Тогда тощая принялась причитать: никто не может себе представить, что это такое — оптовая закупка товаров на валюту. Все это валютное хозяйство. А рекламации! Каждую спустившуюся петлю на дамском чулке он буквально швырял мне в лицо! Тут надо иметь лошадиную голову. Ну, я у него сразу отбила охоту, сказала молодая. Быстренько заставила его взять мне помощницу! Тощая прямо оторопела. Потом сказала устало: да, вначале все идет как по маслу. В него даже влюбиться можно. Красивый мужчина, неизменно в темных очках, с жемчужной булавкой в галстуке, неизменно вежливый, но в один прекрасный день… Подвоха не миновать. Ну, я вас предупредила. Через полгода любая сбежит. Любая!
Но не я, заметила молодая как бы невзначай и подозвала кельнершу, чтобы расплатиться.
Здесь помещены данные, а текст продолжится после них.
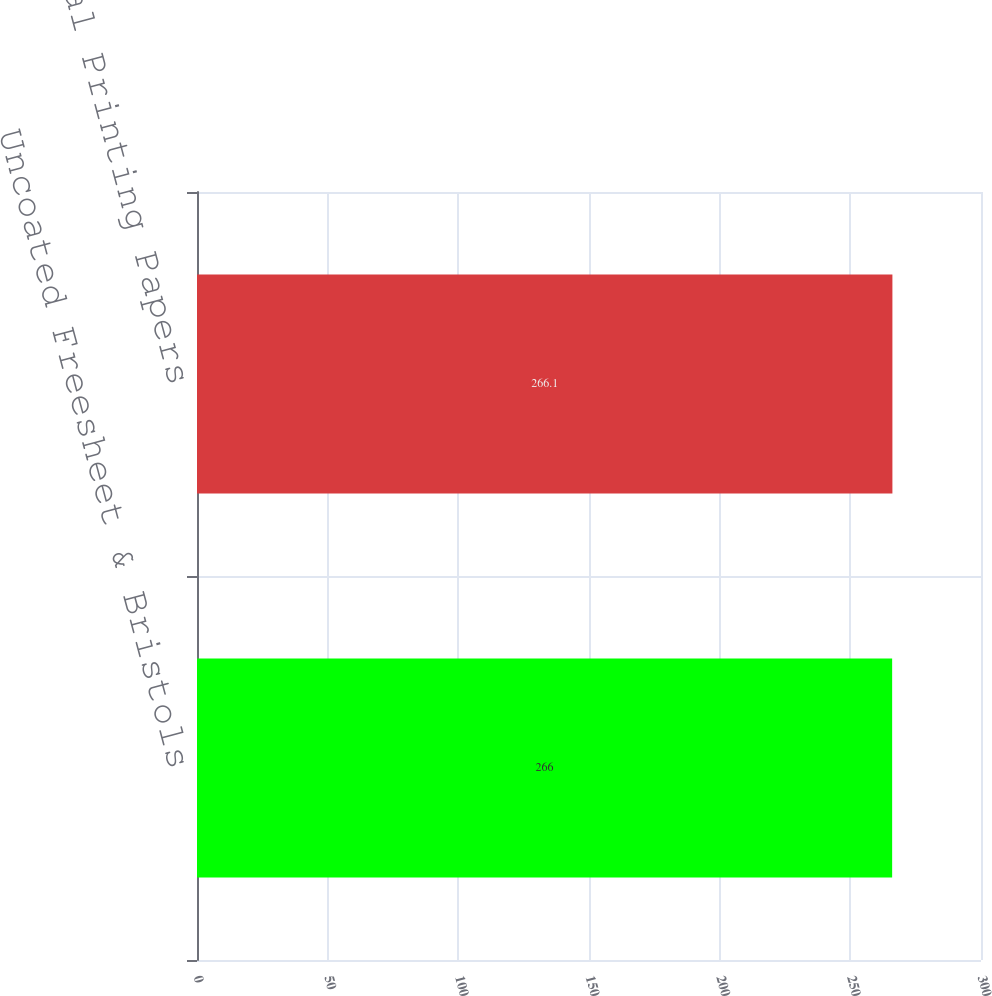Convert chart. <chart><loc_0><loc_0><loc_500><loc_500><bar_chart><fcel>Uncoated Freesheet & Bristols<fcel>Total Printing Papers<nl><fcel>266<fcel>266.1<nl></chart>

Если вся эта компания, что зазвала меня сюда и целый день гоняла взад-вперед по улице, а потом оставила с носом, так вот если вся эта публика все же в последнюю секунду решится вызвать его сюда, и он войдет сзади, с террасы, я почувствую сразу. У меня побегут по спине мурашки. Вежливый молодой человек, который сидит напротив меня и поедает куски торта с кремом, один за другим, непрестанно извиняясь за то, что занимает так много места, — он, конечно, сразу поймет, в чем дело, и поспешит расплатиться. Второпях он уронит монету, и она со звоном покатится по полу, я тоже нагнусь,
Когда я выпрямляюсь, всех остальных словно ветром сдуло, а он сидит напротив меня. Благодаря одному из его волшебных фокусов перед ним уже стоит чашка двойного мокко. Я растерянно говорю: вот и вы. А он, помешивая кофе, строго спрашивает: что тебе еще нужно? — Чтобы все оставалось по-старому!
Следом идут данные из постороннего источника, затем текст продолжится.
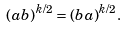Convert formula to latex. <formula><loc_0><loc_0><loc_500><loc_500>( a b ) ^ { k / 2 } = ( b a ) ^ { k / 2 } .</formula>

Если бы вы и сегодня не пришли!.. — сказала я. В самом деле, тогда бы я с этим покончила.
Но эта угроза не испугала никого, кроме меня самой.
Ты слишком далеко заходишь, сказал он. Ты, как всегда, слишком далеко заходишь. Как будто что-то произошло. Ничего не произошло. Ничего. Не воспринимай это так трагически.
Ах, боже мой, сказала я тем моим неискренним тоном, которого ты с полным основанием не терпишь, — что значит трагически? Мы пока еще оказываем некоторое сопротивление обязывающему нас уговору, что несостоявшуюся любовь не надо воспринимать трагически. Мужчина вроде вас это уже преодолел. Он все сам себе уяснил и отменил страдание, как таковое, мы же, на свою беду, можем установить контакт с внешним миром только через любовь. Пока что. Еще некоторое время, еще совсем немножко нам придется страдать. Но мы готовы учиться. Смелее, и наши горести зачахнут. Мы немножко слиняли, очутившись в такой противоречивой ситуации. Но мы стараемся что-то понять и уже начали добровольно сдавать позиции. Не беспокойтесь, скоро никто не будет вам жаловаться на свое горе. Скоро нас будет связывать только наша душевная слепота. Как на этой улице, где встречаешься лишь случайно, на утро после грехопадения. Поскольку все мы подпали греху безлюбия, никто больше о нем и не вспомнит. И это мы будем называть счастьем.
Ах, дорогой мой, сказала я, я не могу откладывать любовь. Ни на грядущее столетие. Ни на будущий год. Ни на один день.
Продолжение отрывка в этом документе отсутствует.